(Stored entries)

<<<<

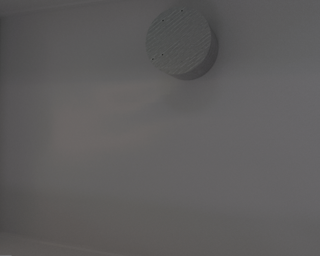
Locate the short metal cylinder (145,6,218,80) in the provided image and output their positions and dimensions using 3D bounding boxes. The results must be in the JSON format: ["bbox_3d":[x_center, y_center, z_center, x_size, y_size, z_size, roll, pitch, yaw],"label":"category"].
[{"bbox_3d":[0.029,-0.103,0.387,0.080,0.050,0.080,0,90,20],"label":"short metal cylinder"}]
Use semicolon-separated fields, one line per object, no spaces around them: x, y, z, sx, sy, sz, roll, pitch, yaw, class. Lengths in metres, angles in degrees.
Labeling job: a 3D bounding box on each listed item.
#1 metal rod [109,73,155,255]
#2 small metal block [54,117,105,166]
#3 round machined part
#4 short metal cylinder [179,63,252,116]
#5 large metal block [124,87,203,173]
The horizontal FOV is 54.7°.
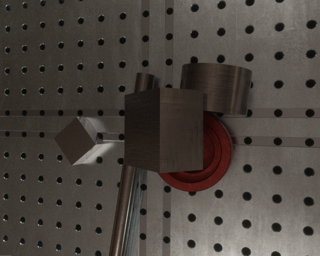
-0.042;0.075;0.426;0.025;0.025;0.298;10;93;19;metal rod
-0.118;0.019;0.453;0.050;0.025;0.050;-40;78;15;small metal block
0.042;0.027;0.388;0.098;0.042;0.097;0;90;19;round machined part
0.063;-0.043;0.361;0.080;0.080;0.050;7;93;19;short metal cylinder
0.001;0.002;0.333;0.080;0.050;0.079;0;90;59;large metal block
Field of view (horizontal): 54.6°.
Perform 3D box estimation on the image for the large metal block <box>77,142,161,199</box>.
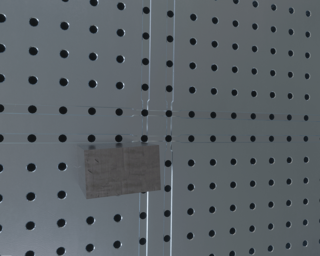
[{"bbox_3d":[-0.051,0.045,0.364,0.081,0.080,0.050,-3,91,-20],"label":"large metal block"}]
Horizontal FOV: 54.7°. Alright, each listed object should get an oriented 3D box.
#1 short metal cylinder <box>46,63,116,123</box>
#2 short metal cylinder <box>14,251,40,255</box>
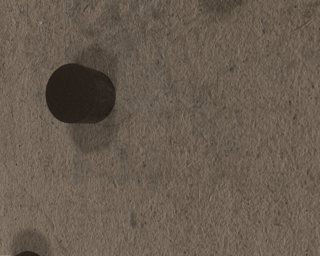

>>>>
<<<<

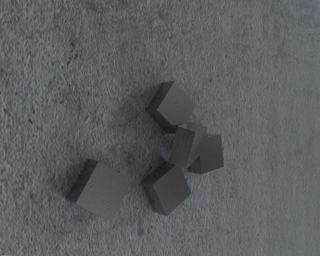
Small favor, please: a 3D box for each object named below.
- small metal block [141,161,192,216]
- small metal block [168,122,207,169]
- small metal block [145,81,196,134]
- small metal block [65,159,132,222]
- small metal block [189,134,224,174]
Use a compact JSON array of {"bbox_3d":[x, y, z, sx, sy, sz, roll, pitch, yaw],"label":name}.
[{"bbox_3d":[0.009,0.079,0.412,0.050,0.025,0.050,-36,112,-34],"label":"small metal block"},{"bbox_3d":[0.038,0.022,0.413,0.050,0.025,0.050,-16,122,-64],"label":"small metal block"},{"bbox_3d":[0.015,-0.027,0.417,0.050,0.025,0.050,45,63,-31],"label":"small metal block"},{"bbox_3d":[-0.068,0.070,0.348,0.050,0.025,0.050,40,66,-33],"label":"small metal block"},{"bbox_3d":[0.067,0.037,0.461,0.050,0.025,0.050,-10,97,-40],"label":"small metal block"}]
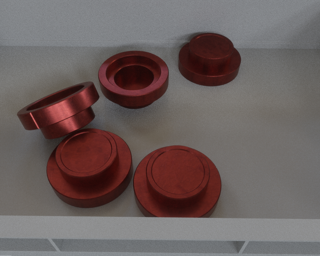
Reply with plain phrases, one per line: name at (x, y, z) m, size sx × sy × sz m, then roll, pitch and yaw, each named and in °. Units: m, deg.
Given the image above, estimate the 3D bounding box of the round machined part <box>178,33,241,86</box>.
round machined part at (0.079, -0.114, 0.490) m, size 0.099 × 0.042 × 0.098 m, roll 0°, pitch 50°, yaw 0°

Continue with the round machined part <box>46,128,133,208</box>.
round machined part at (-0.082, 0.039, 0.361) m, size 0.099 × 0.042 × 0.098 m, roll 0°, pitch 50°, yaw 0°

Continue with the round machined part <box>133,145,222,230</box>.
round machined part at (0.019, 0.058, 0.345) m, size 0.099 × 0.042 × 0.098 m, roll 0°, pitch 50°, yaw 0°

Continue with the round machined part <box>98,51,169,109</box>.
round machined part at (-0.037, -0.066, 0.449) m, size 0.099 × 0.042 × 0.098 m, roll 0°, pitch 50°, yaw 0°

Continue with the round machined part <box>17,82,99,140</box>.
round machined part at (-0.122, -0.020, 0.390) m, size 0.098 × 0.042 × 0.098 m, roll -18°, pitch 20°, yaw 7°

>>>>

**Brief**. Wherever the word "listed" appears in the data, return the whole line.

**Answer space**.
Labeling job: a 3D bounding box on each listed item.
Horizontal FOV: 54.7°. Alright, each listed object should get an oriented 3D box.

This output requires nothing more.